=== Task directions ===
Transcribe the following entries letter for letter, without the pictures.
::::
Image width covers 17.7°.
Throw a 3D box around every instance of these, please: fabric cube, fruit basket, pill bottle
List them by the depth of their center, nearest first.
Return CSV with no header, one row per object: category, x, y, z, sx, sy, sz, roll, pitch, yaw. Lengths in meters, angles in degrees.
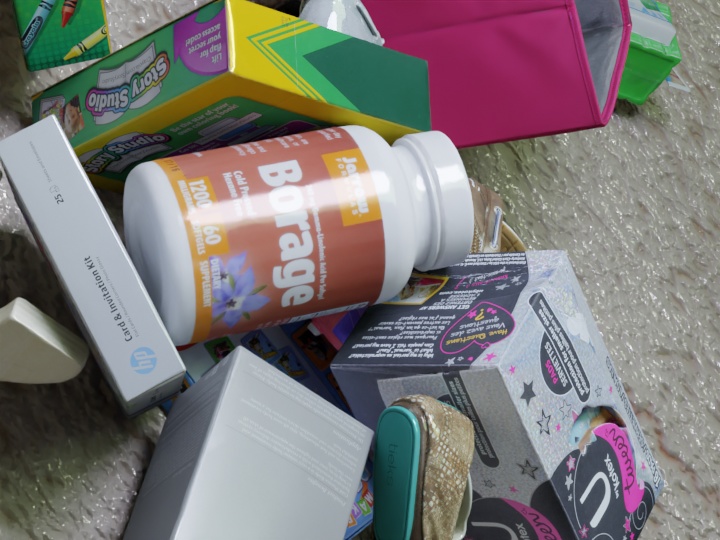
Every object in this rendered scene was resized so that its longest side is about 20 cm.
pill bottle,-0.037,-0.027,1.408,0.198,0.112,0.113,-12,62,-19
fabric cube,0.078,-0.215,1.714,0.197,0.198,0.201,-67,145,-59
fruit basket,0.199,-0.249,2.063,0.184,0.094,0.201,14,44,-42

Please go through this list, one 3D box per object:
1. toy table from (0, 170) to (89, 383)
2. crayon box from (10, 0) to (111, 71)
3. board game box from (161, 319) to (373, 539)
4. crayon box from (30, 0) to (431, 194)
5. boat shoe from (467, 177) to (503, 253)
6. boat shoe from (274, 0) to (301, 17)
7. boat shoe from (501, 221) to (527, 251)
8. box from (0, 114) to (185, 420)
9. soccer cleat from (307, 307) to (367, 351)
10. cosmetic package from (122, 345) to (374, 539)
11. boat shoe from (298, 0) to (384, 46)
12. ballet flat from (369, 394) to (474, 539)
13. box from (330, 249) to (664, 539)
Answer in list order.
toy table,-0.250,0.029,1.233,0.183,0.117,0.201,29,37,-29
crayon box,-0.206,-0.230,1.495,0.058,0.120,0.200,-11,34,-5
board game box,-0.055,0.084,1.479,0.200,0.037,0.151,52,33,6
crayon box,-0.084,-0.100,1.476,0.172,0.199,0.059,15,64,-42
boat shoe,0.072,0.032,1.589,0.072,0.072,0.202,9,79,-25
boat shoe,-0.069,-0.151,1.650,0.200,0.066,0.057,-51,125,-69
boat shoe,0.046,-0.042,1.696,0.199,0.071,0.069,33,15,-31
box,-0.151,0.004,1.313,0.157,0.041,0.200,62,-9,3
soccer cleat,0.000,0.000,1.546,0.067,0.076,0.200,47,13,-19
cosmetic package,-0.073,0.156,1.313,0.106,0.090,0.201,35,48,-16
boat shoe,-0.006,-0.141,1.588,0.201,0.069,0.072,61,42,-73
ballet flat,0.036,0.174,1.378,0.065,0.202,0.070,2,13,-40
box,0.091,0.101,1.466,0.115,0.131,0.201,-56,132,-39
::::
=== Result of the task ===
Image width covers 17.7°.
Throw a 3D box around every instance of these, please: fabric cube, fruit basket, pill bottle
List them by the depth of their center, nearest first.
Return CSV with no header, one row per object: category, x, y, z, sx, sy, sz, roll, pitch, yaw. Lengths in meters, angles in degrees.
Every object in this rendered scene was resized so that its longest side is about 20 cm.
pill bottle,-0.037,-0.027,1.408,0.198,0.112,0.113,-12,62,-19
fabric cube,0.078,-0.215,1.714,0.197,0.198,0.201,-67,145,-59
fruit basket,0.199,-0.249,2.063,0.184,0.094,0.201,14,44,-42

Please go through this list, one 3D box per object:
1. toy table from (0, 170) to (89, 383)
2. crayon box from (10, 0) to (111, 71)
3. board game box from (161, 319) to (373, 539)
4. crayon box from (30, 0) to (431, 194)
5. boat shoe from (467, 177) to (503, 253)
6. boat shoe from (274, 0) to (301, 17)
7. boat shoe from (501, 221) to (527, 251)
8. box from (0, 114) to (185, 420)
9. soccer cleat from (307, 307) to (367, 351)
10. cosmetic package from (122, 345) to (374, 539)
11. boat shoe from (298, 0) to (384, 46)
12. ballet flat from (369, 394) to (474, 539)
13. box from (330, 249) to (664, 539)
Answer in list order.
toy table,-0.250,0.029,1.233,0.183,0.117,0.201,29,37,-29
crayon box,-0.206,-0.230,1.495,0.058,0.120,0.200,-11,34,-5
board game box,-0.055,0.084,1.479,0.200,0.037,0.151,52,33,6
crayon box,-0.084,-0.100,1.476,0.172,0.199,0.059,15,64,-42
boat shoe,0.072,0.032,1.589,0.072,0.072,0.202,9,79,-25
boat shoe,-0.069,-0.151,1.650,0.200,0.066,0.057,-51,125,-69
boat shoe,0.046,-0.042,1.696,0.199,0.071,0.069,33,15,-31
box,-0.151,0.004,1.313,0.157,0.041,0.200,62,-9,3
soccer cleat,0.000,0.000,1.546,0.067,0.076,0.200,47,13,-19
cosmetic package,-0.073,0.156,1.313,0.106,0.090,0.201,35,48,-16
boat shoe,-0.006,-0.141,1.588,0.201,0.069,0.072,61,42,-73
ballet flat,0.036,0.174,1.378,0.065,0.202,0.070,2,13,-40
box,0.091,0.101,1.466,0.115,0.131,0.201,-56,132,-39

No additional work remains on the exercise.